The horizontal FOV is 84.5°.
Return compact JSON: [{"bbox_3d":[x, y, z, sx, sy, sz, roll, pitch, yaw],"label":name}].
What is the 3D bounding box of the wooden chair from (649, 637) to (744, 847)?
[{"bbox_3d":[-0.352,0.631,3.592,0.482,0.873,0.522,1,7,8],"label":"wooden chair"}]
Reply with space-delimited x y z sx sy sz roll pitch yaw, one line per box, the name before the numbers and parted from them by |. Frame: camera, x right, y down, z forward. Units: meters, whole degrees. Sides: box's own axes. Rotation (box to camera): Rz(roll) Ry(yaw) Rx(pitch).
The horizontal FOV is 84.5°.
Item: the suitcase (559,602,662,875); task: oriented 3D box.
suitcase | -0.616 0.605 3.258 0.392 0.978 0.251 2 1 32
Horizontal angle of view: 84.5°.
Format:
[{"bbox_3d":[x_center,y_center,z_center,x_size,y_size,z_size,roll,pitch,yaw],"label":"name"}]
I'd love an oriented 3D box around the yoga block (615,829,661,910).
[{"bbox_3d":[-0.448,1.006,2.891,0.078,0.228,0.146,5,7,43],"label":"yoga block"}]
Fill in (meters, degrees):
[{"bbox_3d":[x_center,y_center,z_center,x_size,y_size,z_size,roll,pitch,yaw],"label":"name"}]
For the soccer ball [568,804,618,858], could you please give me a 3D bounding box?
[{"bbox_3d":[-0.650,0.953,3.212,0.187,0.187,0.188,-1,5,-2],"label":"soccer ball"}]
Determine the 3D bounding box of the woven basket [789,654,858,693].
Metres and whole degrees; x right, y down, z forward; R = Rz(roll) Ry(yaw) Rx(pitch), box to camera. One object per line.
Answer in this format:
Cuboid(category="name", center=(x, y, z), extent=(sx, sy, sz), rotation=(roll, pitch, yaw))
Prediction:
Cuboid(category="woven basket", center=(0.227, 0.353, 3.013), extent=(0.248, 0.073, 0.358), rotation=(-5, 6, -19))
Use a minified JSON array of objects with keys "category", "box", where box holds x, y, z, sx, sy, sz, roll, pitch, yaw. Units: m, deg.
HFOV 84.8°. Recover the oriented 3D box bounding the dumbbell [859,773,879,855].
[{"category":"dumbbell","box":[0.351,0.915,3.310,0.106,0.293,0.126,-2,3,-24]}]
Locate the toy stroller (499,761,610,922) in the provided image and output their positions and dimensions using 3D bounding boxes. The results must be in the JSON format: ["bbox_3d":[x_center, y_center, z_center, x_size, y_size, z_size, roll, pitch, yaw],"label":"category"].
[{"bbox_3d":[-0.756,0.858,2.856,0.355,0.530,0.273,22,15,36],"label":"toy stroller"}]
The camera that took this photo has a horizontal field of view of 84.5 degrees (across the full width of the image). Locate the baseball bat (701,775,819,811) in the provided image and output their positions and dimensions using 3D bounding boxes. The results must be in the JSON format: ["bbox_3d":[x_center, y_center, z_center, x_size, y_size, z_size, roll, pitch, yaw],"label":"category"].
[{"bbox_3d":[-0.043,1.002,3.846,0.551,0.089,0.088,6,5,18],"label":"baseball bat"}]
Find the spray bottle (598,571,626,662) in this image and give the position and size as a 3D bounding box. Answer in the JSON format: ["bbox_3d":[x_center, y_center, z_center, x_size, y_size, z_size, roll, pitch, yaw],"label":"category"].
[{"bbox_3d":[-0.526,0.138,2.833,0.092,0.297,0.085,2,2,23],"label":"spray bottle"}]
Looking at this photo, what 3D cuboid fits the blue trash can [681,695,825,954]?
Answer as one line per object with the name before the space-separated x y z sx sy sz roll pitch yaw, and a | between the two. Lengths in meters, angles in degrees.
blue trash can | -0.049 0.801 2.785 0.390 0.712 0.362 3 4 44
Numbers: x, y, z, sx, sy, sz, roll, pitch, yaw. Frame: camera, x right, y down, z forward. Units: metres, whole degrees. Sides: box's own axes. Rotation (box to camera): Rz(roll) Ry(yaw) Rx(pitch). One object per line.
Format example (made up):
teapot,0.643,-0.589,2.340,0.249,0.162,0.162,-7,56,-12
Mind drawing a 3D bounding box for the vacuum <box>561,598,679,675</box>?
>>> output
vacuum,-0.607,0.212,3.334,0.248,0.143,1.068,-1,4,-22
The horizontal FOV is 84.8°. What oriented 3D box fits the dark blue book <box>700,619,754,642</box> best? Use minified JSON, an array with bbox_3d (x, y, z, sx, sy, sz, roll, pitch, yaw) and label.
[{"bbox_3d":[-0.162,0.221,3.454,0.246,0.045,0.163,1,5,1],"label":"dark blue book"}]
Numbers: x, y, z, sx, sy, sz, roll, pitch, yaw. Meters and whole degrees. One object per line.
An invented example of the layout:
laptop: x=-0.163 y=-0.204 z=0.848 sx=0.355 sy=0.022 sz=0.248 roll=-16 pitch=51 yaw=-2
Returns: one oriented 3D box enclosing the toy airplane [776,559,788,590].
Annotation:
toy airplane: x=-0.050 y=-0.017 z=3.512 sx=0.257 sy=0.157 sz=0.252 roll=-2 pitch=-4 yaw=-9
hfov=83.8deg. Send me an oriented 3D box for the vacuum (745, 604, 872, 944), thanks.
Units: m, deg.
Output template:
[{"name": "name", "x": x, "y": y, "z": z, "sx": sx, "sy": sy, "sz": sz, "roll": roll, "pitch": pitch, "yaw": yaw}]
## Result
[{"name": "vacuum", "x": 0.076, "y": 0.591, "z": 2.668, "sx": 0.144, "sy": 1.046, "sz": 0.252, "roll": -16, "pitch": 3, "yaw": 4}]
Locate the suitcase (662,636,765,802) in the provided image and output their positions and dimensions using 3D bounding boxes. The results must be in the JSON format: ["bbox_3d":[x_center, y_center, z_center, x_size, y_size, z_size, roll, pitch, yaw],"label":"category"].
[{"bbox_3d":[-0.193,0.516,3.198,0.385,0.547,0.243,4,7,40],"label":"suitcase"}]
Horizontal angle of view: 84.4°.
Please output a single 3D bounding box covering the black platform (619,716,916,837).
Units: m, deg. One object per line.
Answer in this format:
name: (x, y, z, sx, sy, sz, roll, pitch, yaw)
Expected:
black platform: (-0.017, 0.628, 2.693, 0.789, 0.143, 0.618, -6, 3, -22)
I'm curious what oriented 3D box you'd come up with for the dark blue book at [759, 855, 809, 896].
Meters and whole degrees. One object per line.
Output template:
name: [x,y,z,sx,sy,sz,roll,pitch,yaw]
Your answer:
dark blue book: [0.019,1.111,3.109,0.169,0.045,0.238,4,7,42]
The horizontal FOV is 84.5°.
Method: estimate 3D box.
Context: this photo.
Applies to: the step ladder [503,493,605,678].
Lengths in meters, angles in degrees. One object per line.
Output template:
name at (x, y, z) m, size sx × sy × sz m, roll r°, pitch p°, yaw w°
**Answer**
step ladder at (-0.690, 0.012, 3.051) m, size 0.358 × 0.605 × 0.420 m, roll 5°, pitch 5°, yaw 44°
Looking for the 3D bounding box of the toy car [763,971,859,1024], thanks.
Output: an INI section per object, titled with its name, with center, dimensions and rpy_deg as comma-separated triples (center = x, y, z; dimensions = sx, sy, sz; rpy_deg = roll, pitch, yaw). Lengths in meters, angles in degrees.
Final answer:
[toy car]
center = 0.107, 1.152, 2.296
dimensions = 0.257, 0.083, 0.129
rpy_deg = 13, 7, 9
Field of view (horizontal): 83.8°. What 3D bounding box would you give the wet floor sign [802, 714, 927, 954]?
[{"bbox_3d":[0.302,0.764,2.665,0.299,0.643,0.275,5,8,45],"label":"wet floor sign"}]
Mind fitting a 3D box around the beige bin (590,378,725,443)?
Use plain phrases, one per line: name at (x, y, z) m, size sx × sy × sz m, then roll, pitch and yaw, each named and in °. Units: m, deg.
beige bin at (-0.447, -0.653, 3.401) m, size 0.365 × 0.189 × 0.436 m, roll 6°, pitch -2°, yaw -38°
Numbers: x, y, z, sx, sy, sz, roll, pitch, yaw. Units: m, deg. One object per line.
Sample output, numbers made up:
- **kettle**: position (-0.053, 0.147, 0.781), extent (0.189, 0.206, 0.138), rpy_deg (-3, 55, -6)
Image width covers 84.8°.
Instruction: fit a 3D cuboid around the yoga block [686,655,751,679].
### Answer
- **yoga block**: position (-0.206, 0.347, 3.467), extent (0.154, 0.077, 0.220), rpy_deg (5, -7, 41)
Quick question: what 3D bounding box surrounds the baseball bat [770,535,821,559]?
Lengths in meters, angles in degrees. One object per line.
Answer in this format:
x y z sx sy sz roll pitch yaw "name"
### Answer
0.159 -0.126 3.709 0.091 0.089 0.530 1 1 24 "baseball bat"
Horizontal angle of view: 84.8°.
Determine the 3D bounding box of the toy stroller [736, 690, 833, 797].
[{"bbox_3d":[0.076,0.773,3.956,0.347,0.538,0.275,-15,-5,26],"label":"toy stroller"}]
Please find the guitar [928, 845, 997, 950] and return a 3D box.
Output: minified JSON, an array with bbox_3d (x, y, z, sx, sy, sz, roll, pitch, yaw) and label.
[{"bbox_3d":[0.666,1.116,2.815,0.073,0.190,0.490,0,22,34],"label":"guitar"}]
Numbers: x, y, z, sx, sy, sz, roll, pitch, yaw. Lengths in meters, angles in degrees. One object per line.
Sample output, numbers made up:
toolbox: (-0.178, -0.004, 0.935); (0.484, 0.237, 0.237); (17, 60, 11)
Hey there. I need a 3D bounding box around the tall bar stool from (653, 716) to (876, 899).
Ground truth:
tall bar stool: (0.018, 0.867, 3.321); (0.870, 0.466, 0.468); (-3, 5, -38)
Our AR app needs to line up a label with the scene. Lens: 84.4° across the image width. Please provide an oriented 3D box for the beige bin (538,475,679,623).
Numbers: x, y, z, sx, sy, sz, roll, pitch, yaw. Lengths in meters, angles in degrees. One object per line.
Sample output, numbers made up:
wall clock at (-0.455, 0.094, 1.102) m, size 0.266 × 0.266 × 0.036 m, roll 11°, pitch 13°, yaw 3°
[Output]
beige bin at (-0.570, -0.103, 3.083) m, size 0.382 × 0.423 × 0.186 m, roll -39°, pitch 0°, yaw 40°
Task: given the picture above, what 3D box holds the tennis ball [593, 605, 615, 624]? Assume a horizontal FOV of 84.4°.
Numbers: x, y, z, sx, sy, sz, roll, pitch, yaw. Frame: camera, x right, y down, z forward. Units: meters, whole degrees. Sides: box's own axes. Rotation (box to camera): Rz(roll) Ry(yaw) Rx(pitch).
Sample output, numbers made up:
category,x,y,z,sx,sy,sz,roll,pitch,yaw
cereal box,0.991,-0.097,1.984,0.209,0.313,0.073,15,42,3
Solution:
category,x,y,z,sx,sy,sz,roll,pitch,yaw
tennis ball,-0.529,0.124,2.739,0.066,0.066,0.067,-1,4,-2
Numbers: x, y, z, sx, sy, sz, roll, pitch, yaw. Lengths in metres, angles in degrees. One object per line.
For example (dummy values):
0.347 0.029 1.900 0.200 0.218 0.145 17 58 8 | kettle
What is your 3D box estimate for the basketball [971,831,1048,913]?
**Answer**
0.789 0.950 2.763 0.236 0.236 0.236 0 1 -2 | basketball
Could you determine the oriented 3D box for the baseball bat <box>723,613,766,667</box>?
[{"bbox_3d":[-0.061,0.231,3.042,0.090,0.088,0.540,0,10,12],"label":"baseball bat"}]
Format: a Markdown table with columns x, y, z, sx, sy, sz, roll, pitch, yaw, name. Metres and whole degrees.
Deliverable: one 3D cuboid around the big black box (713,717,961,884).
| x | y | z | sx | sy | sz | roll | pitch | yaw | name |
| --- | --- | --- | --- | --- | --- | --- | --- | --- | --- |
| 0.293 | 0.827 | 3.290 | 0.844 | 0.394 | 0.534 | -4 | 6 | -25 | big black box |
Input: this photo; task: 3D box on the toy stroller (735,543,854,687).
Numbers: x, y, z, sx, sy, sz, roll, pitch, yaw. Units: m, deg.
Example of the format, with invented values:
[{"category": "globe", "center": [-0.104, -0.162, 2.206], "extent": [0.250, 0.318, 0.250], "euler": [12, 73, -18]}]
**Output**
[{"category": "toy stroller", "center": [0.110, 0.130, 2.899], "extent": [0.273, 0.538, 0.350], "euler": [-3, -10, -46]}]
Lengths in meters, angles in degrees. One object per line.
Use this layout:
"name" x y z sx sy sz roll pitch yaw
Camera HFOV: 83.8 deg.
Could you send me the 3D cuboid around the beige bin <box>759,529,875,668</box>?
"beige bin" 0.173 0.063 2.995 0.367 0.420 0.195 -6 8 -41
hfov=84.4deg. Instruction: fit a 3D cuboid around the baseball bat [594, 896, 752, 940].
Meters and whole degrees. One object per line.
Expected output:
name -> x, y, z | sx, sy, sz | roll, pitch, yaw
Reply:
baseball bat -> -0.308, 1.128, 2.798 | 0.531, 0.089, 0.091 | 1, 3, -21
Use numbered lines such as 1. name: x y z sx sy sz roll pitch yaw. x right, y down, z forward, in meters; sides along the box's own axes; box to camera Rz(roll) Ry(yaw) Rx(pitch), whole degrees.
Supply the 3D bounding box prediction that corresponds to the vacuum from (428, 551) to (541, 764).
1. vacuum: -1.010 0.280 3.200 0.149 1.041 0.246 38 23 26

- Task prompt:
Go through the entries and copy every line that has "forward".

- Problem solution:
Reply with space-delimited x y z sx sy sz roll pitch yaw, one line per box, the name before the numbers and parted from them by |. Frame: camera, x right, y down, z forward. Units: meters, whole degrees. Sides: box's own axes. Rotation (box to camera): Rz(roll) Ry(yaw) Rx(pitch).
Metres and whole degrees; x right, y down, z forward; R = Rz(roll) Ry(yaw) Rx(pitch), box to camera. One object per line.
Numbers: x, y, z, sx, sy, sz, roll, pitch, yaw. Frame: camera, x right, y down, z forward. Units: metres, whole degrees. Sides: box's own axes. Rotation (box to camera): Rz(roll) Ry(yaw) Rx(pitch). One object per line.
Numbers: x, y, z, sx, sy, sz, roll, pitch, yaw. Frame: camera, x right, y down, z forward. Units: meters, whole degrees. Sides: box's own axes. Rotation (box to camera): Rz(roll) Ry(yaw) Rx(pitch).
Use numbered lines such as 1. name: x y z sx sy sz roll pitch yaw. x right, y down, z forward, in meters; sides along the box's own axes; box to camera Rz(roll) Ry(yaw) Rx(pitch), whole degrees.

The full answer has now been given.